Exercise brief
Your answer should be the entries below, reproduced character for character.

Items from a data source
= Beginning of Section =

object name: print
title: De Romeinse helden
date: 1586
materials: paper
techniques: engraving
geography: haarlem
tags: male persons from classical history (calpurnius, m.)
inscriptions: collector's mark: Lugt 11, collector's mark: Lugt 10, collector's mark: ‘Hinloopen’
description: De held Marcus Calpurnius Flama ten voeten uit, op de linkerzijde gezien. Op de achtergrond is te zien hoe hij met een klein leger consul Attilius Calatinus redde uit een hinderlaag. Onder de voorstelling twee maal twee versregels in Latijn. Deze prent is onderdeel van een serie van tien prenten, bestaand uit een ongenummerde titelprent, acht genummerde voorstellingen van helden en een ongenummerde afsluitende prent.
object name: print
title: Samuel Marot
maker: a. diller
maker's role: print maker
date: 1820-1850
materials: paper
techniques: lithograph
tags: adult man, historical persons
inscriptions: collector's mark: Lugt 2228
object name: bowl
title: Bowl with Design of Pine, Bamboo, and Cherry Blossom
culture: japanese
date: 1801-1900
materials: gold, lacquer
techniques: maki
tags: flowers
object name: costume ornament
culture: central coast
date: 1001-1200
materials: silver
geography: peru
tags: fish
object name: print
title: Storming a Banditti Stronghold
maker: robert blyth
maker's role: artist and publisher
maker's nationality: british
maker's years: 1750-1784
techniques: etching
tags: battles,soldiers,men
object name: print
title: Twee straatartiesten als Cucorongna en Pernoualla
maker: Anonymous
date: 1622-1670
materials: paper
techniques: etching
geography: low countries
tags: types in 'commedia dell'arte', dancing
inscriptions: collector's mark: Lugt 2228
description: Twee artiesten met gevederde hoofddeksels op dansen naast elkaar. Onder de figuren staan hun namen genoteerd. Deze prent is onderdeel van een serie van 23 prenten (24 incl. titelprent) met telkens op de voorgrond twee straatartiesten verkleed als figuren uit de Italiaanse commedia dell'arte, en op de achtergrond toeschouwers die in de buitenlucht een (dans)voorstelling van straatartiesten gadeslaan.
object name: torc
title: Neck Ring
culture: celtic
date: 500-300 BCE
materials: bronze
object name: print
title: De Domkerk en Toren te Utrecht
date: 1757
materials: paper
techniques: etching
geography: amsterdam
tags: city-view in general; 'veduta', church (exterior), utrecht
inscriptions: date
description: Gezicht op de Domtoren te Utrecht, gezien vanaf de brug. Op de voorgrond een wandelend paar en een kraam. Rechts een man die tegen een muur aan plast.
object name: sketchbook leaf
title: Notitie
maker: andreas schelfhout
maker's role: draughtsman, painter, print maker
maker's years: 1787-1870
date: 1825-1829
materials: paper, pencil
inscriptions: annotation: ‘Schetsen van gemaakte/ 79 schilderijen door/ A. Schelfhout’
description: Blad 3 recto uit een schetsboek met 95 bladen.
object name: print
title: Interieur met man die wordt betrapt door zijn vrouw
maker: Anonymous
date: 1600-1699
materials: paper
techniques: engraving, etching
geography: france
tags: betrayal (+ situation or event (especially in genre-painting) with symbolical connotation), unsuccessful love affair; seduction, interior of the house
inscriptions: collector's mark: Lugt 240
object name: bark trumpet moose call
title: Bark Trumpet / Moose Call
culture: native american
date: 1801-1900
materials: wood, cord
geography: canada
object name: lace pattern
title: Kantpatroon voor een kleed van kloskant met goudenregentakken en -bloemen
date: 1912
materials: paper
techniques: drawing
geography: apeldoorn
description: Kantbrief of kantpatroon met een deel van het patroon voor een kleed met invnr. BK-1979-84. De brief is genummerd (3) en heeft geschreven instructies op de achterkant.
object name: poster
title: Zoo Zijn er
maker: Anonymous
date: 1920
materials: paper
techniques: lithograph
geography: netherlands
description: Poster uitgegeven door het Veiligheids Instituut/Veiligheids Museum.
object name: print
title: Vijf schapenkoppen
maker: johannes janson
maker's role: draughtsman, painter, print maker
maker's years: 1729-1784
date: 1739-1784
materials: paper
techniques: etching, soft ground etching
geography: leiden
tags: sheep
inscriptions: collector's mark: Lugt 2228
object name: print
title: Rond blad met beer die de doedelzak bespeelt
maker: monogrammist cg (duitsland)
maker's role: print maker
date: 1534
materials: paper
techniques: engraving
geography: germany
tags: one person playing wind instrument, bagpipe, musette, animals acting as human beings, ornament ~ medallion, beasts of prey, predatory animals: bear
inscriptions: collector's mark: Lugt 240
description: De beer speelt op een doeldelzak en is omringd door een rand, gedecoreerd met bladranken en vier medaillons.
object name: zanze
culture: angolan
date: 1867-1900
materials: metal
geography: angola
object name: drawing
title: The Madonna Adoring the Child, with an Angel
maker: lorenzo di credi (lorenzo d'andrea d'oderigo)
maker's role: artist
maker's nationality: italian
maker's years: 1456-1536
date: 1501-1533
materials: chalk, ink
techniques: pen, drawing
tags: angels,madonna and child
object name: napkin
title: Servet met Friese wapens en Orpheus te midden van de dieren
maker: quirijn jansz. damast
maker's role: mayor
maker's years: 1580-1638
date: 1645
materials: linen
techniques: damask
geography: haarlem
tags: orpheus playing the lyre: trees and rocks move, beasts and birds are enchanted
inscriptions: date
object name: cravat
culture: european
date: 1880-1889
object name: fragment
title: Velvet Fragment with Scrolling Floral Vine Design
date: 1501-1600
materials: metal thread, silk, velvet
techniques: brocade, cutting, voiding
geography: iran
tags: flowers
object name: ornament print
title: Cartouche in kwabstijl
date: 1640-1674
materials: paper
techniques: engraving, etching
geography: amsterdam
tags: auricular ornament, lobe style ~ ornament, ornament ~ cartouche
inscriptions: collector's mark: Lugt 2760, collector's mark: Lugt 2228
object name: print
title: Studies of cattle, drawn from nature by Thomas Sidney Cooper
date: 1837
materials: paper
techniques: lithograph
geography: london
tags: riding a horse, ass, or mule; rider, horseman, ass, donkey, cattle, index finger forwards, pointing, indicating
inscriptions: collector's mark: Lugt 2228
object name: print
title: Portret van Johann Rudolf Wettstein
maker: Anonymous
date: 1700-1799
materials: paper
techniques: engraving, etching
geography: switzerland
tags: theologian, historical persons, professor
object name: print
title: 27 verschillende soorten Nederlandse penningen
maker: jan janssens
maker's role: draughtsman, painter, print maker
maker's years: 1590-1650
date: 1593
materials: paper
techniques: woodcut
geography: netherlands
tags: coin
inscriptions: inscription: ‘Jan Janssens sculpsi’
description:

= End of Section =

Task output
object name: print
title: De Romeinse helden
date: 1586
materials: paper
techniques: engraving
geography: haarlem
tags: male persons from classical history (calpurnius, m.)
inscriptions: collector's mark: Lugt 11, collector's mark: Lugt 10, collector's mark: ‘Hinloopen’
description: De held Marcus Calpurnius Flama ten voeten uit, op de linkerzijde gezien. Op de achtergrond is te zien hoe hij met een klein leger consul Attilius Calatinus redde uit een hinderlaag. Onder de voorstelling twee maal twee versregels in Latijn. Deze prent is onderdeel van een serie van tien prenten, bestaand uit een ongenummerde titelprent, acht genummerde voorstellingen van helden en een ongenummerde afsluitende prent.
object name: print
title: Samuel Marot
maker: a. diller
maker's role: print maker
date: 1820-1850
materials: paper
techniques: lithograph
tags: adult man, historical persons
inscriptions: collector's mark: Lugt 2228
object name: bowl
title: Bowl with Design of Pine, Bamboo, and Cherry Blossom
culture: japanese
date: 1801-1900
materials: gold, lacquer
techniques: maki
tags: flowers
object name: costume ornament
culture: central coast
date: 1001-1200
materials: silver
geography: peru
tags: fish
object name: print
title: Storming a Banditti Stronghold
maker: robert blyth
maker's role: artist and publisher
maker's nationality: british
maker's years: 1750-1784
techniques: etching
tags: battles,soldiers,men
object name: print
title: Twee straatartiesten als Cucorongna en Pernoualla
maker: Anonymous
date: 1622-1670
materials: paper
techniques: etching
geography: low countries
tags: types in 'commedia dell'arte', dancing
inscriptions: collector's mark: Lugt 2228
description: Twee artiesten met gevederde hoofddeksels op dansen naast elkaar. Onder de figuren staan hun namen genoteerd. Deze prent is onderdeel van een serie van 23 prenten (24 incl. titelprent) met telkens op de voorgrond twee straatartiesten verkleed als figuren uit de Italiaanse commedia dell'arte, en op de achtergrond toeschouwers die in de buitenlucht een (dans)voorstelling van straatartiesten gadeslaan.
object name: torc
title: Neck Ring
culture: celtic
date: 500-300 BCE
materials: bronze
object name: print
title: De Domkerk en Toren te Utrecht
date: 1757
materials: paper
techniques: etching
geography: amsterdam
tags: city-view in general; 'veduta', church (exterior), utrecht
inscriptions: date
description: Gezicht op de Domtoren te Utrecht, gezien vanaf de brug. Op de voorgrond een wandelend paar en een kraam. Rechts een man die tegen een muur aan plast.
object name: sketchbook leaf
title: Notitie
maker: andreas schelfhout
maker's role: draughtsman, painter, print maker
maker's years: 1787-1870
date: 1825-1829
materials: paper, pencil
inscriptions: annotation: ‘Schetsen van gemaakte/ 79 schilderijen door/ A. Schelfhout’
description: Blad 3 recto uit een schetsboek met 95 bladen.
object name: print
title: Interieur met man die wordt betrapt door zijn vrouw
maker: Anonymous
date: 1600-1699
materials: paper
techniques: engraving, etching
geography: france
tags: betrayal (+ situation or event (especially in genre-painting) with symbolical connotation), unsuccessful love affair; seduction, interior of the house
inscriptions: collector's mark: Lugt 240
object name: bark trumpet moose call
title: Bark Trumpet / Moose Call
culture: native american
date: 1801-1900
materials: wood, cord
geography: canada
object name: lace pattern
title: Kantpatroon voor een kleed van kloskant met goudenregentakken en -bloemen
date: 1912
materials: paper
techniques: drawing
geography: apeldoorn
description: Kantbrief of kantpatroon met een deel van het patroon voor een kleed met invnr. BK-1979-84. De brief is genummerd (3) en heeft geschreven instructies op de achterkant.
object name: poster
title: Zoo Zijn er
maker: Anonymous
date: 1920
materials: paper
techniques: lithograph
geography: netherlands
description: Poster uitgegeven door het Veiligheids Instituut/Veiligheids Museum.
object name: print
title: Vijf schapenkoppen
maker: johannes janson
maker's role: draughtsman, painter, print maker
maker's years: 1729-1784
date: 1739-1784
materials: paper
techniques: etching, soft ground etching
geography: leiden
tags: sheep
inscriptions: collector's mark: Lugt 2228
object name: print
title: Rond blad met beer die de doedelzak bespeelt
maker: monogrammist cg (duitsland)
maker's role: print maker
date: 1534
materials: paper
techniques: engraving
geography: germany
tags: one person playing wind instrument, bagpipe, musette, animals acting as human beings, ornament ~ medallion, beasts of prey, predatory animals: bear
inscriptions: collector's mark: Lugt 240
description: De beer speelt op een doeldelzak en is omringd door een rand, gedecoreerd met bladranken en vier medaillons.
object name: zanze
culture: angolan
date: 1867-1900
materials: metal
geography: angola
object name: drawing
title: The Madonna Adoring the Child, with an Angel
maker: lorenzo di credi (lorenzo d'andrea d'oderigo)
maker's role: artist
maker's nationality: italian
maker's years: 1456-1536
date: 1501-1533
materials: chalk, ink
techniques: pen, drawing
tags: angels,madonna and child
object name: napkin
title: Servet met Friese wapens en Orpheus te midden van de dieren
maker: quirijn jansz. damast
maker's role: mayor
maker's years: 1580-1638
date: 1645
materials: linen
techniques: damask
geography: haarlem
tags: orpheus playing the lyre: trees and rocks move, beasts and birds are enchanted
inscriptions: date
object name: cravat
culture: european
date: 1880-1889
object name: fragment
title: Velvet Fragment with Scrolling Floral Vine Design
date: 1501-1600
materials: metal thread, silk, velvet
techniques: brocade, cutting, voiding
geography: iran
tags: flowers
object name: ornament print
title: Cartouche in kwabstijl
date: 1640-1674
materials: paper
techniques: engraving, etching
geography: amsterdam
tags: auricular ornament, lobe style ~ ornament, ornament ~ cartouche
inscriptions: collector's mark: Lugt 2760, collector's mark: Lugt 2228
object name: print
title: Studies of cattle, drawn from nature by Thomas Sidney Cooper
date: 1837
materials: paper
techniques: lithograph
geography: london
tags: riding a horse, ass, or mule; rider, horseman, ass, donkey, cattle, index finger forwards, pointing, indicating
inscriptions: collector's mark: Lugt 2228
object name: print
title: Portret van Johann Rudolf Wettstein
maker: Anonymous
date: 1700-1799
materials: paper
techniques: engraving, etching
geography: switzerland
tags: theologian, historical persons, professor
object name: print
title: 27 verschillende soorten Nederlandse penningen
maker: jan janssens
maker's role: draughtsman, painter, print maker
maker's years: 1590-1650
date: 1593
materials: paper
techniques: woodcut
geography: netherlands
tags: coin
inscriptions: inscription: ‘Jan Janssens sculpsi’
description:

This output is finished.